医師からスタートアップと方向は変わっていますが、根底にある「海外で困っている方を助けられる人材になりたい」という想いは今でも変わっていません。
今後について
ー 中長期的な展開についてお教え下さい。
「Live the life you want」という私たちのビジョンでもありますが、「当たり前の世界」を早く作りたいと思っています。当たり前というのは、人種や国籍・言語を問わず自由に暮らせる世界のことを指しています。そういった暮らしのサポート全般をアットハースで実現したいと思っています。
外国人と働く・暮らすという世界は、時代の流れ的に今後当たり前になってくる世界であると思っていますが、それがくる社会を私たちがもっと早く実現したいです。5年後10年後にくる世界を1年でも2年でも早く、社会として実現していきたいと考えています。

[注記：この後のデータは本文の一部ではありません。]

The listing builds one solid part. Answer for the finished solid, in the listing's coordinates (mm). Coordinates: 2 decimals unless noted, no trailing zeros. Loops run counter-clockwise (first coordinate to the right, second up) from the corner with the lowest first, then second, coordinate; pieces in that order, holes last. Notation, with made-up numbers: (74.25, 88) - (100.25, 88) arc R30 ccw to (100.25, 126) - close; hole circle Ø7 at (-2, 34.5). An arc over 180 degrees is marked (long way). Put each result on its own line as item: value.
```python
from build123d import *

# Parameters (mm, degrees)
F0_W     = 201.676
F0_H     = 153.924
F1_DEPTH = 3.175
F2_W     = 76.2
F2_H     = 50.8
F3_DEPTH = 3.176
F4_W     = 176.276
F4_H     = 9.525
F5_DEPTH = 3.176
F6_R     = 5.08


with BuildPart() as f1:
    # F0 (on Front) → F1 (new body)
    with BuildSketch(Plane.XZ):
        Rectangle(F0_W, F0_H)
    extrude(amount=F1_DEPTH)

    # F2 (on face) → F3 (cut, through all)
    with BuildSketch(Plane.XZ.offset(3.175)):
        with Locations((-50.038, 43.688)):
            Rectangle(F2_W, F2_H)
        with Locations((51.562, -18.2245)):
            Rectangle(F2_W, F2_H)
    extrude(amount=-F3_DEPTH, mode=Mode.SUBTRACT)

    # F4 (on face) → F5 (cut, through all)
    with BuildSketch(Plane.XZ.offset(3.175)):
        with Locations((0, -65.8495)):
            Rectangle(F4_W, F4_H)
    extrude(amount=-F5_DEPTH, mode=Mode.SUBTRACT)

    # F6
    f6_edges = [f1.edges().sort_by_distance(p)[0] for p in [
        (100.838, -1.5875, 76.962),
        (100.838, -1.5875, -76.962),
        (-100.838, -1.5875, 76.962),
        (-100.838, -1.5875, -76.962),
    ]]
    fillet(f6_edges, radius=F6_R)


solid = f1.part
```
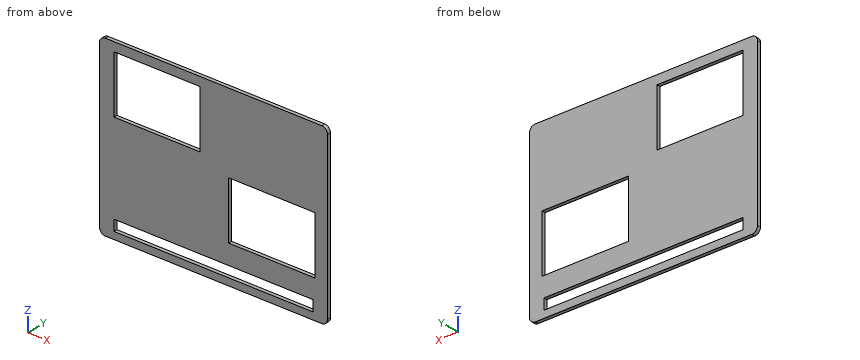
1) The part is cut by section A-A (x = 84). Give the vertices of the cut face in (y, z) (1 decimal), and give its area (3 significant figures).
Found:
outline: (-3.2, -77) - (0, -77) - (0, -70.6) - (-3.2, -70.6) - close; (-3.2, -61.1) - (0, -61.1) - (0, -43.6) - (-3.2, -43.6) - close; (-3.2, 7.2) - (0, 7.2) - (0, 77) - (-3.2, 77) - close
area: 297 mm^2
2) Straight lines are drawn through the part: L1, parallel to Z at x = -78.5, y = -0.5; L2, parallel to Z at x = 37, y = -1.5; L3, parallel to X at y = -2.4, z = 1. For each, find the intervals that lie inside material, in ascending order. Write a range as [from, to].
Found:
L1: z = [-76.96, -70.61], [-61.09, 18.29], [69.09, 76.96]
L2: z = [-76.96, -70.61], [-61.09, -43.62], [7.18, 76.96]
L3: x = [-100.84, 13.46], [89.66, 100.84]
3) The part is cut by section B-B (z = 42). Give the vertices of the cut face in (x, y) (3 decimals), and give its area (3 significant figures).
Found:
outline: (-100.838, -3.175) - (-88.138, -3.175) - (-88.138, 0) - (-100.838, 0) - close; (-11.938, -3.175) - (100.838, -3.175) - (100.838, 0) - (-11.938, 0) - close
area: 398 mm^2
4) The part is cut by section C-C (y = -0.75). Give the vertices of the cut face in (x, z), and give its area (3 significant figures).
Found:
outline: (-100.84, -71.88) arc R5.08 ccw to (-95.76, -76.96) - (95.76, -76.96) arc R5.08 ccw to (100.84, -71.88) - (100.84, 71.88) arc R5.08 ccw to (95.76, 76.96) - (-95.76, 76.96) arc R5.08 ccw to (-100.84, 71.88) - close; hole (-88.14, -70.61) - (88.14, -70.61) - (88.14, -61.09) - (-88.14, -61.09) - close; hole (-88.14, 18.29) - (-11.94, 18.29) - (-11.94, 69.09) - (-88.14, 69.09) - close; hole (13.46, -43.62) - (89.66, -43.62) - (89.66, 7.18) - (13.46, 7.18) - close
area: 21,600 mm^2
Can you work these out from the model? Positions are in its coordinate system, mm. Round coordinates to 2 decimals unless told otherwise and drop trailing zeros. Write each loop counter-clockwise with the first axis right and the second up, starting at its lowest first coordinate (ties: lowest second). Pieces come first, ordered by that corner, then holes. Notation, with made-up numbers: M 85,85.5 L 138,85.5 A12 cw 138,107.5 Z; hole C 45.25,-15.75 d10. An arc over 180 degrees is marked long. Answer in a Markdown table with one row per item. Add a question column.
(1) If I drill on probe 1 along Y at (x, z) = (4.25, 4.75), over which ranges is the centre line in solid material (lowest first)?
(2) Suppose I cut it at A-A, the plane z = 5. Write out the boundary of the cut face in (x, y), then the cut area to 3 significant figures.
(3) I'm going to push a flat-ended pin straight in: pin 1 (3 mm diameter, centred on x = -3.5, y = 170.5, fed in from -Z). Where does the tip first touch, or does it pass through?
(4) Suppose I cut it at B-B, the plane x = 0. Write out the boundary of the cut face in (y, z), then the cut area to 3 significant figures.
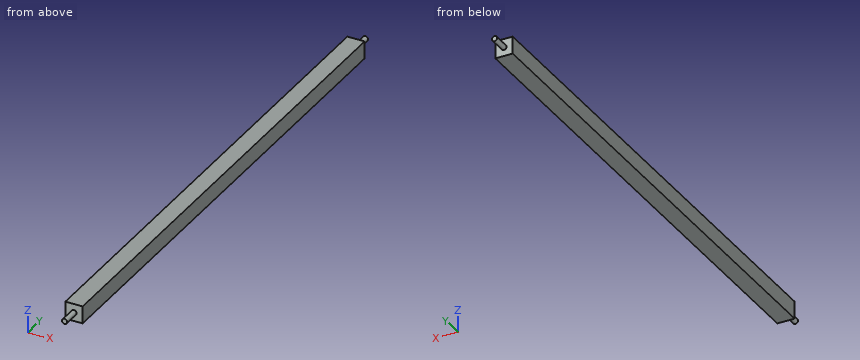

ー 最後に、記事内でお伝えしたいPR事項などあれば教えて下さい。
現在、採用を積極的に行っています。有難いことにビジョンに共感してくださる方から沢山お声かけを頂いていますが、今欲しいのは「共感」ではなく「共創」。一緒にビジョンを作っていけるメンバーを探しています。入って頂いたことを誇りに思ってもらえる会社を創っていきたいと思っていますので、是非興味を持って頂ける方がいればご連絡下さい!
ー とてもやりがいのあるフェーズでの参画になりそうですね!今日は有難うございました。
こちらこそ、有難うございます。